» Your task
Only the pictures are to be left out; write out the rest of the data exactly.

» Dataset excerpts
[Start of section]

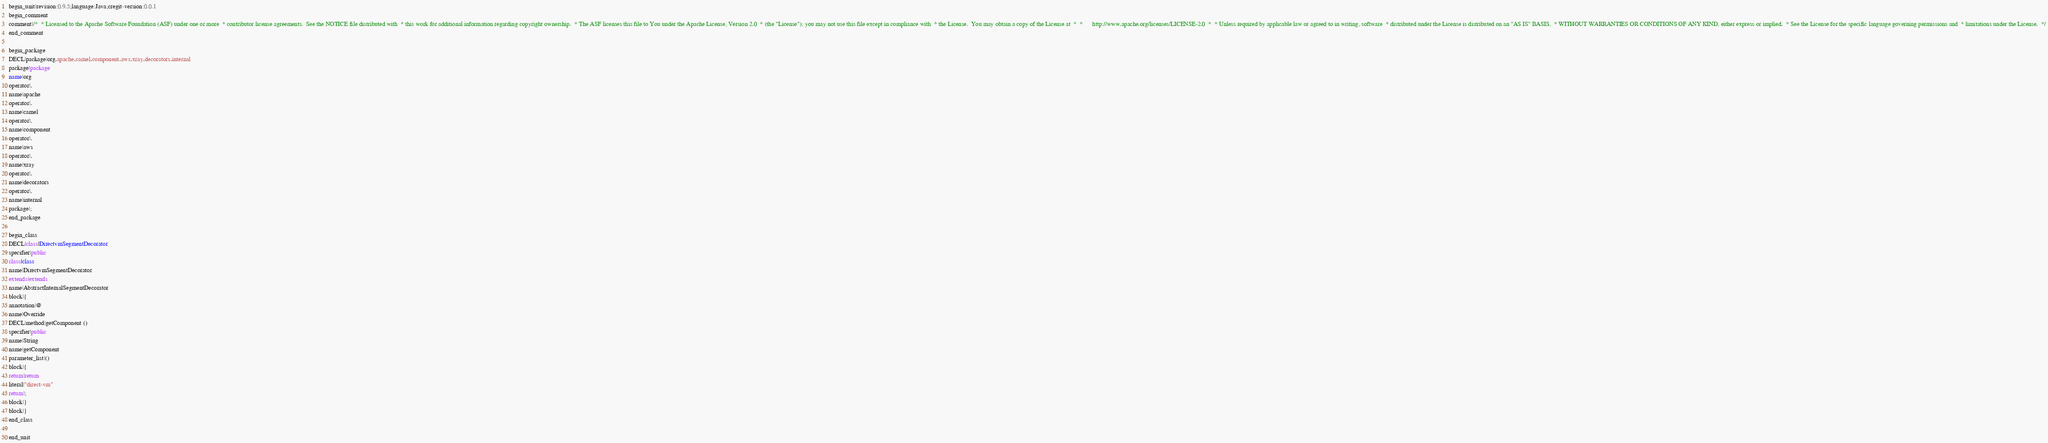<code> <loc_0><loc_0><loc_500><loc_500><_Java_>begin_unit|revision:0.9.5;language:Java;cregit-version:0.0.1
begin_comment
comment|/*  * Licensed to the Apache Software Foundation (ASF) under one or more  * contributor license agreements.  See the NOTICE file distributed with  * this work for additional information regarding copyright ownership.  * The ASF licenses this file to You under the Apache License, Version 2.0  * (the "License"); you may not use this file except in compliance with  * the License.  You may obtain a copy of the License at  *  *      http://www.apache.org/licenses/LICENSE-2.0  *  * Unless required by applicable law or agreed to in writing, software  * distributed under the License is distributed on an "AS IS" BASIS,  * WITHOUT WARRANTIES OR CONDITIONS OF ANY KIND, either express or implied.  * See the License for the specific language governing permissions and  * limitations under the License.  */
end_comment

begin_package
DECL|package|org.apache.camel.component.aws.xray.decorators.internal
package|package
name|org
operator|.
name|apache
operator|.
name|camel
operator|.
name|component
operator|.
name|aws
operator|.
name|xray
operator|.
name|decorators
operator|.
name|internal
package|;
end_package

begin_class
DECL|class|DirectvmSegmentDecorator
specifier|public
class|class
name|DirectvmSegmentDecorator
extends|extends
name|AbstractInternalSegmentDecorator
block|{
annotation|@
name|Override
DECL|method|getComponent ()
specifier|public
name|String
name|getComponent
parameter_list|()
block|{
return|return
literal|"direct-vm"
return|;
block|}
block|}
end_class

end_unit

</code>

[End of section]

» Response box
<code> <loc_0><loc_0><loc_500><loc_500><_Java_>begin_unit|revision:0.9.5;language:Java;cregit-version:0.0.1
begin_comment
comment|/*  * Licensed to the Apache Software Foundation (ASF) under one or more  * contributor license agreements.  See the NOTICE file distributed with  * this work for additional information regarding copyright ownership.  * The ASF licenses this file to You under the Apache License, Version 2.0  * (the "License"); you may not use this file except in compliance with  * the License.  You may obtain a copy of the License at  *  *      http://www.apache.org/licenses/LICENSE-2.0  *  * Unless required by applicable law or agreed to in writing, software  * distributed under the License is distributed on an "AS IS" BASIS,  * WITHOUT WARRANTIES OR CONDITIONS OF ANY KIND, either express or implied.  * See the License for the specific language governing permissions and  * limitations under the License.  */
end_comment

begin_package
DECL|package|org.apache.camel.component.aws.xray.decorators.internal
package|package
name|org
operator|.
name|apache
operator|.
name|camel
operator|.
name|component
operator|.
name|aws
operator|.
name|xray
operator|.
name|decorators
operator|.
name|internal
package|;
end_package

begin_class
DECL|class|DirectvmSegmentDecorator
specifier|public
class|class
name|DirectvmSegmentDecorator
extends|extends
name|AbstractInternalSegmentDecorator
block|{
annotation|@
name|Override
DECL|method|getComponent ()
specifier|public
name|String
name|getComponent
parameter_list|()
block|{
return|return
literal|"direct-vm"
return|;
block|}
block|}
end_class

end_unit

</code>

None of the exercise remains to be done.